*** Opening of The input ***

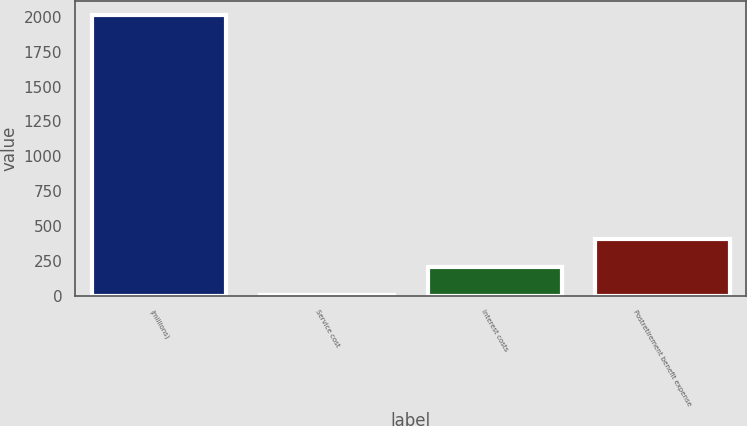Convert chart to OTSL. <chart><loc_0><loc_0><loc_500><loc_500><bar_chart><fcel>(millions)<fcel>Service cost<fcel>Interest costs<fcel>Postretirement benefit expense<nl><fcel>2016<fcel>2.7<fcel>204.03<fcel>405.36<nl></chart> 
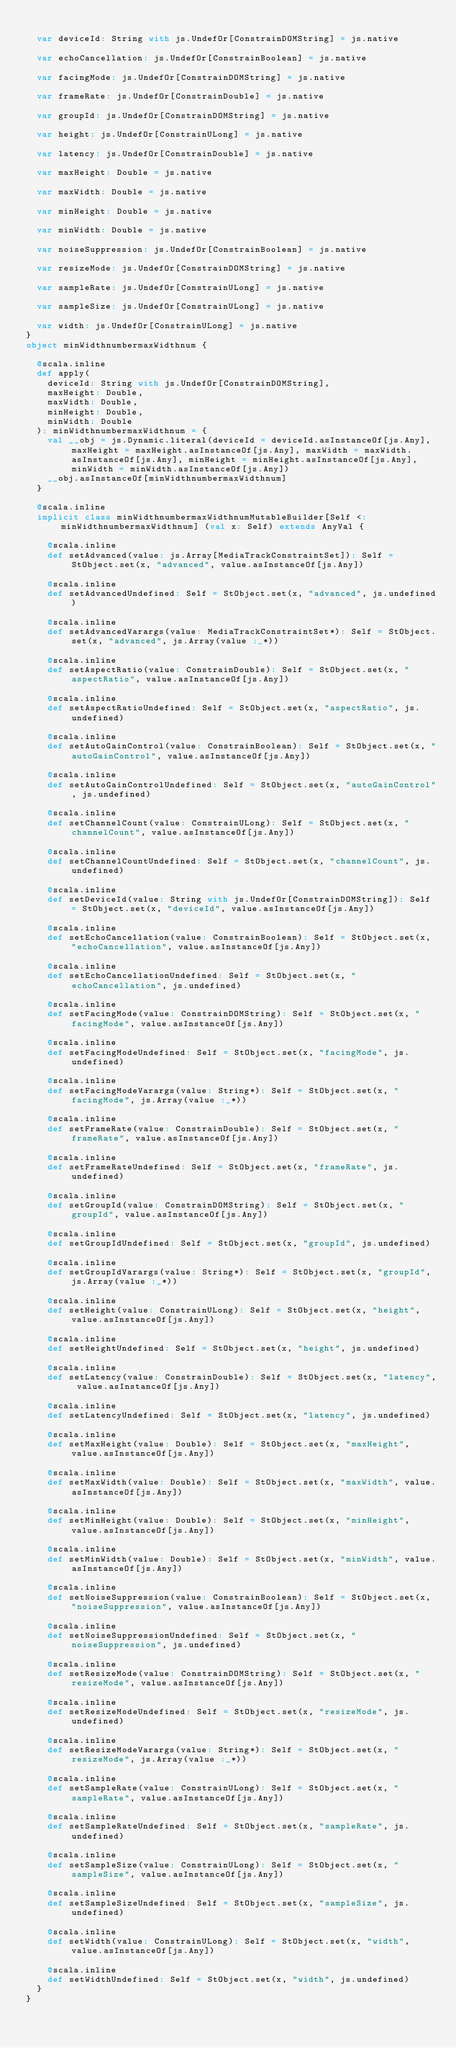Convert code to text. <code><loc_0><loc_0><loc_500><loc_500><_Scala_>  
  var deviceId: String with js.UndefOr[ConstrainDOMString] = js.native
  
  var echoCancellation: js.UndefOr[ConstrainBoolean] = js.native
  
  var facingMode: js.UndefOr[ConstrainDOMString] = js.native
  
  var frameRate: js.UndefOr[ConstrainDouble] = js.native
  
  var groupId: js.UndefOr[ConstrainDOMString] = js.native
  
  var height: js.UndefOr[ConstrainULong] = js.native
  
  var latency: js.UndefOr[ConstrainDouble] = js.native
  
  var maxHeight: Double = js.native
  
  var maxWidth: Double = js.native
  
  var minHeight: Double = js.native
  
  var minWidth: Double = js.native
  
  var noiseSuppression: js.UndefOr[ConstrainBoolean] = js.native
  
  var resizeMode: js.UndefOr[ConstrainDOMString] = js.native
  
  var sampleRate: js.UndefOr[ConstrainULong] = js.native
  
  var sampleSize: js.UndefOr[ConstrainULong] = js.native
  
  var width: js.UndefOr[ConstrainULong] = js.native
}
object minWidthnumbermaxWidthnum {
  
  @scala.inline
  def apply(
    deviceId: String with js.UndefOr[ConstrainDOMString],
    maxHeight: Double,
    maxWidth: Double,
    minHeight: Double,
    minWidth: Double
  ): minWidthnumbermaxWidthnum = {
    val __obj = js.Dynamic.literal(deviceId = deviceId.asInstanceOf[js.Any], maxHeight = maxHeight.asInstanceOf[js.Any], maxWidth = maxWidth.asInstanceOf[js.Any], minHeight = minHeight.asInstanceOf[js.Any], minWidth = minWidth.asInstanceOf[js.Any])
    __obj.asInstanceOf[minWidthnumbermaxWidthnum]
  }
  
  @scala.inline
  implicit class minWidthnumbermaxWidthnumMutableBuilder[Self <: minWidthnumbermaxWidthnum] (val x: Self) extends AnyVal {
    
    @scala.inline
    def setAdvanced(value: js.Array[MediaTrackConstraintSet]): Self = StObject.set(x, "advanced", value.asInstanceOf[js.Any])
    
    @scala.inline
    def setAdvancedUndefined: Self = StObject.set(x, "advanced", js.undefined)
    
    @scala.inline
    def setAdvancedVarargs(value: MediaTrackConstraintSet*): Self = StObject.set(x, "advanced", js.Array(value :_*))
    
    @scala.inline
    def setAspectRatio(value: ConstrainDouble): Self = StObject.set(x, "aspectRatio", value.asInstanceOf[js.Any])
    
    @scala.inline
    def setAspectRatioUndefined: Self = StObject.set(x, "aspectRatio", js.undefined)
    
    @scala.inline
    def setAutoGainControl(value: ConstrainBoolean): Self = StObject.set(x, "autoGainControl", value.asInstanceOf[js.Any])
    
    @scala.inline
    def setAutoGainControlUndefined: Self = StObject.set(x, "autoGainControl", js.undefined)
    
    @scala.inline
    def setChannelCount(value: ConstrainULong): Self = StObject.set(x, "channelCount", value.asInstanceOf[js.Any])
    
    @scala.inline
    def setChannelCountUndefined: Self = StObject.set(x, "channelCount", js.undefined)
    
    @scala.inline
    def setDeviceId(value: String with js.UndefOr[ConstrainDOMString]): Self = StObject.set(x, "deviceId", value.asInstanceOf[js.Any])
    
    @scala.inline
    def setEchoCancellation(value: ConstrainBoolean): Self = StObject.set(x, "echoCancellation", value.asInstanceOf[js.Any])
    
    @scala.inline
    def setEchoCancellationUndefined: Self = StObject.set(x, "echoCancellation", js.undefined)
    
    @scala.inline
    def setFacingMode(value: ConstrainDOMString): Self = StObject.set(x, "facingMode", value.asInstanceOf[js.Any])
    
    @scala.inline
    def setFacingModeUndefined: Self = StObject.set(x, "facingMode", js.undefined)
    
    @scala.inline
    def setFacingModeVarargs(value: String*): Self = StObject.set(x, "facingMode", js.Array(value :_*))
    
    @scala.inline
    def setFrameRate(value: ConstrainDouble): Self = StObject.set(x, "frameRate", value.asInstanceOf[js.Any])
    
    @scala.inline
    def setFrameRateUndefined: Self = StObject.set(x, "frameRate", js.undefined)
    
    @scala.inline
    def setGroupId(value: ConstrainDOMString): Self = StObject.set(x, "groupId", value.asInstanceOf[js.Any])
    
    @scala.inline
    def setGroupIdUndefined: Self = StObject.set(x, "groupId", js.undefined)
    
    @scala.inline
    def setGroupIdVarargs(value: String*): Self = StObject.set(x, "groupId", js.Array(value :_*))
    
    @scala.inline
    def setHeight(value: ConstrainULong): Self = StObject.set(x, "height", value.asInstanceOf[js.Any])
    
    @scala.inline
    def setHeightUndefined: Self = StObject.set(x, "height", js.undefined)
    
    @scala.inline
    def setLatency(value: ConstrainDouble): Self = StObject.set(x, "latency", value.asInstanceOf[js.Any])
    
    @scala.inline
    def setLatencyUndefined: Self = StObject.set(x, "latency", js.undefined)
    
    @scala.inline
    def setMaxHeight(value: Double): Self = StObject.set(x, "maxHeight", value.asInstanceOf[js.Any])
    
    @scala.inline
    def setMaxWidth(value: Double): Self = StObject.set(x, "maxWidth", value.asInstanceOf[js.Any])
    
    @scala.inline
    def setMinHeight(value: Double): Self = StObject.set(x, "minHeight", value.asInstanceOf[js.Any])
    
    @scala.inline
    def setMinWidth(value: Double): Self = StObject.set(x, "minWidth", value.asInstanceOf[js.Any])
    
    @scala.inline
    def setNoiseSuppression(value: ConstrainBoolean): Self = StObject.set(x, "noiseSuppression", value.asInstanceOf[js.Any])
    
    @scala.inline
    def setNoiseSuppressionUndefined: Self = StObject.set(x, "noiseSuppression", js.undefined)
    
    @scala.inline
    def setResizeMode(value: ConstrainDOMString): Self = StObject.set(x, "resizeMode", value.asInstanceOf[js.Any])
    
    @scala.inline
    def setResizeModeUndefined: Self = StObject.set(x, "resizeMode", js.undefined)
    
    @scala.inline
    def setResizeModeVarargs(value: String*): Self = StObject.set(x, "resizeMode", js.Array(value :_*))
    
    @scala.inline
    def setSampleRate(value: ConstrainULong): Self = StObject.set(x, "sampleRate", value.asInstanceOf[js.Any])
    
    @scala.inline
    def setSampleRateUndefined: Self = StObject.set(x, "sampleRate", js.undefined)
    
    @scala.inline
    def setSampleSize(value: ConstrainULong): Self = StObject.set(x, "sampleSize", value.asInstanceOf[js.Any])
    
    @scala.inline
    def setSampleSizeUndefined: Self = StObject.set(x, "sampleSize", js.undefined)
    
    @scala.inline
    def setWidth(value: ConstrainULong): Self = StObject.set(x, "width", value.asInstanceOf[js.Any])
    
    @scala.inline
    def setWidthUndefined: Self = StObject.set(x, "width", js.undefined)
  }
}
</code> 
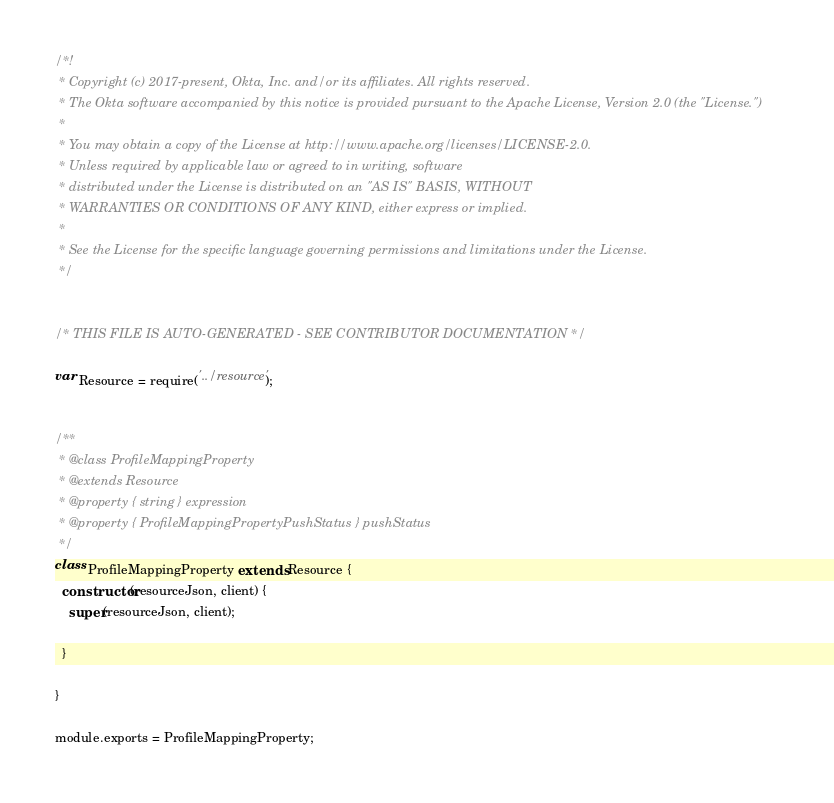Convert code to text. <code><loc_0><loc_0><loc_500><loc_500><_JavaScript_>/*!
 * Copyright (c) 2017-present, Okta, Inc. and/or its affiliates. All rights reserved.
 * The Okta software accompanied by this notice is provided pursuant to the Apache License, Version 2.0 (the "License.")
 *
 * You may obtain a copy of the License at http://www.apache.org/licenses/LICENSE-2.0.
 * Unless required by applicable law or agreed to in writing, software
 * distributed under the License is distributed on an "AS IS" BASIS, WITHOUT
 * WARRANTIES OR CONDITIONS OF ANY KIND, either express or implied.
 *
 * See the License for the specific language governing permissions and limitations under the License.
 */


/* THIS FILE IS AUTO-GENERATED - SEE CONTRIBUTOR DOCUMENTATION */

var Resource = require('../resource');


/**
 * @class ProfileMappingProperty
 * @extends Resource
 * @property { string } expression
 * @property { ProfileMappingPropertyPushStatus } pushStatus
 */
class ProfileMappingProperty extends Resource {
  constructor(resourceJson, client) {
    super(resourceJson, client);

  }

}

module.exports = ProfileMappingProperty;
</code> 
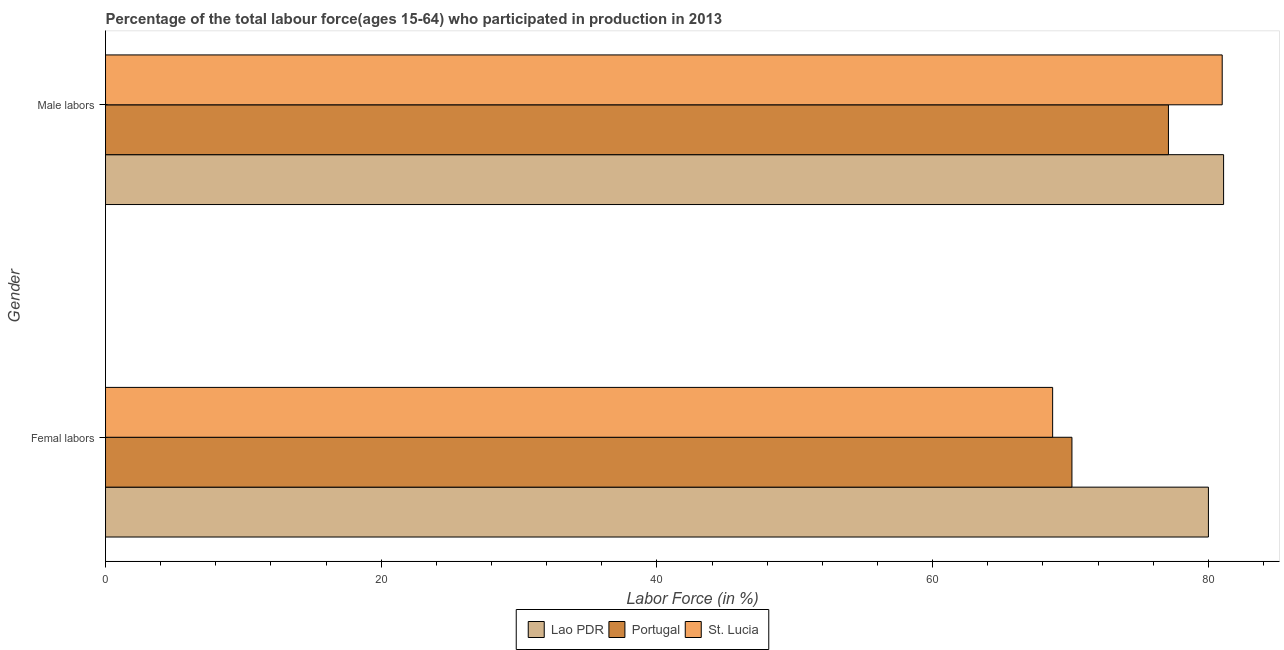How many different coloured bars are there?
Provide a short and direct response. 3. Are the number of bars per tick equal to the number of legend labels?
Your answer should be very brief. Yes. How many bars are there on the 1st tick from the top?
Your answer should be compact. 3. What is the label of the 2nd group of bars from the top?
Provide a short and direct response. Femal labors. What is the percentage of female labor force in Portugal?
Give a very brief answer. 70.1. Across all countries, what is the maximum percentage of female labor force?
Make the answer very short. 80. Across all countries, what is the minimum percentage of female labor force?
Your answer should be compact. 68.7. In which country was the percentage of male labour force maximum?
Keep it short and to the point. Lao PDR. In which country was the percentage of female labor force minimum?
Make the answer very short. St. Lucia. What is the total percentage of female labor force in the graph?
Provide a succinct answer. 218.8. What is the difference between the percentage of female labor force in St. Lucia and that in Portugal?
Your response must be concise. -1.4. What is the difference between the percentage of female labor force in Lao PDR and the percentage of male labour force in St. Lucia?
Provide a short and direct response. -1. What is the average percentage of male labour force per country?
Provide a succinct answer. 79.73. What is the difference between the percentage of male labour force and percentage of female labor force in Portugal?
Make the answer very short. 7. In how many countries, is the percentage of male labour force greater than 8 %?
Make the answer very short. 3. What is the ratio of the percentage of male labour force in Portugal to that in Lao PDR?
Keep it short and to the point. 0.95. Is the percentage of female labor force in Lao PDR less than that in St. Lucia?
Give a very brief answer. No. In how many countries, is the percentage of male labour force greater than the average percentage of male labour force taken over all countries?
Give a very brief answer. 2. What does the 1st bar from the top in Femal labors represents?
Provide a succinct answer. St. Lucia. What does the 1st bar from the bottom in Femal labors represents?
Offer a very short reply. Lao PDR. How many bars are there?
Provide a short and direct response. 6. How many countries are there in the graph?
Your answer should be compact. 3. What is the difference between two consecutive major ticks on the X-axis?
Your answer should be compact. 20. Does the graph contain any zero values?
Provide a succinct answer. No. Does the graph contain grids?
Offer a very short reply. No. How are the legend labels stacked?
Provide a short and direct response. Horizontal. What is the title of the graph?
Give a very brief answer. Percentage of the total labour force(ages 15-64) who participated in production in 2013. What is the label or title of the Y-axis?
Provide a short and direct response. Gender. What is the Labor Force (in %) in Portugal in Femal labors?
Offer a very short reply. 70.1. What is the Labor Force (in %) in St. Lucia in Femal labors?
Provide a short and direct response. 68.7. What is the Labor Force (in %) of Lao PDR in Male labors?
Your answer should be very brief. 81.1. What is the Labor Force (in %) of Portugal in Male labors?
Offer a very short reply. 77.1. What is the Labor Force (in %) in St. Lucia in Male labors?
Keep it short and to the point. 81. Across all Gender, what is the maximum Labor Force (in %) in Lao PDR?
Offer a terse response. 81.1. Across all Gender, what is the maximum Labor Force (in %) in Portugal?
Provide a succinct answer. 77.1. Across all Gender, what is the maximum Labor Force (in %) in St. Lucia?
Give a very brief answer. 81. Across all Gender, what is the minimum Labor Force (in %) of Lao PDR?
Provide a succinct answer. 80. Across all Gender, what is the minimum Labor Force (in %) in Portugal?
Ensure brevity in your answer.  70.1. Across all Gender, what is the minimum Labor Force (in %) in St. Lucia?
Make the answer very short. 68.7. What is the total Labor Force (in %) in Lao PDR in the graph?
Ensure brevity in your answer.  161.1. What is the total Labor Force (in %) in Portugal in the graph?
Your response must be concise. 147.2. What is the total Labor Force (in %) in St. Lucia in the graph?
Provide a succinct answer. 149.7. What is the difference between the Labor Force (in %) in Portugal in Femal labors and that in Male labors?
Your answer should be compact. -7. What is the difference between the Labor Force (in %) of Lao PDR in Femal labors and the Labor Force (in %) of Portugal in Male labors?
Provide a succinct answer. 2.9. What is the average Labor Force (in %) of Lao PDR per Gender?
Offer a very short reply. 80.55. What is the average Labor Force (in %) of Portugal per Gender?
Your answer should be compact. 73.6. What is the average Labor Force (in %) in St. Lucia per Gender?
Keep it short and to the point. 74.85. What is the difference between the Labor Force (in %) of Lao PDR and Labor Force (in %) of St. Lucia in Femal labors?
Ensure brevity in your answer.  11.3. What is the difference between the Labor Force (in %) in Portugal and Labor Force (in %) in St. Lucia in Femal labors?
Your answer should be compact. 1.4. What is the difference between the Labor Force (in %) of Lao PDR and Labor Force (in %) of Portugal in Male labors?
Offer a terse response. 4. What is the ratio of the Labor Force (in %) of Lao PDR in Femal labors to that in Male labors?
Your answer should be compact. 0.99. What is the ratio of the Labor Force (in %) in Portugal in Femal labors to that in Male labors?
Make the answer very short. 0.91. What is the ratio of the Labor Force (in %) of St. Lucia in Femal labors to that in Male labors?
Offer a terse response. 0.85. What is the difference between the highest and the second highest Labor Force (in %) of St. Lucia?
Give a very brief answer. 12.3. What is the difference between the highest and the lowest Labor Force (in %) of Portugal?
Ensure brevity in your answer.  7.

*** Close of The input ***

> _The task_: The listing above holds a line with "Give a very brief answer. 2." and a line with "Provide a short and direct response. 6.". Print the stretch from the first through the second, exactly and alone.

> _Answer to the problem_:
Give a very brief answer. 2. What does the 1st bar from the top in Femal labors represents?
Provide a succinct answer. St. Lucia. What does the 1st bar from the bottom in Femal labors represents?
Offer a very short reply. Lao PDR. How many bars are there?
Provide a short and direct response. 6. How many countries are there in the graph?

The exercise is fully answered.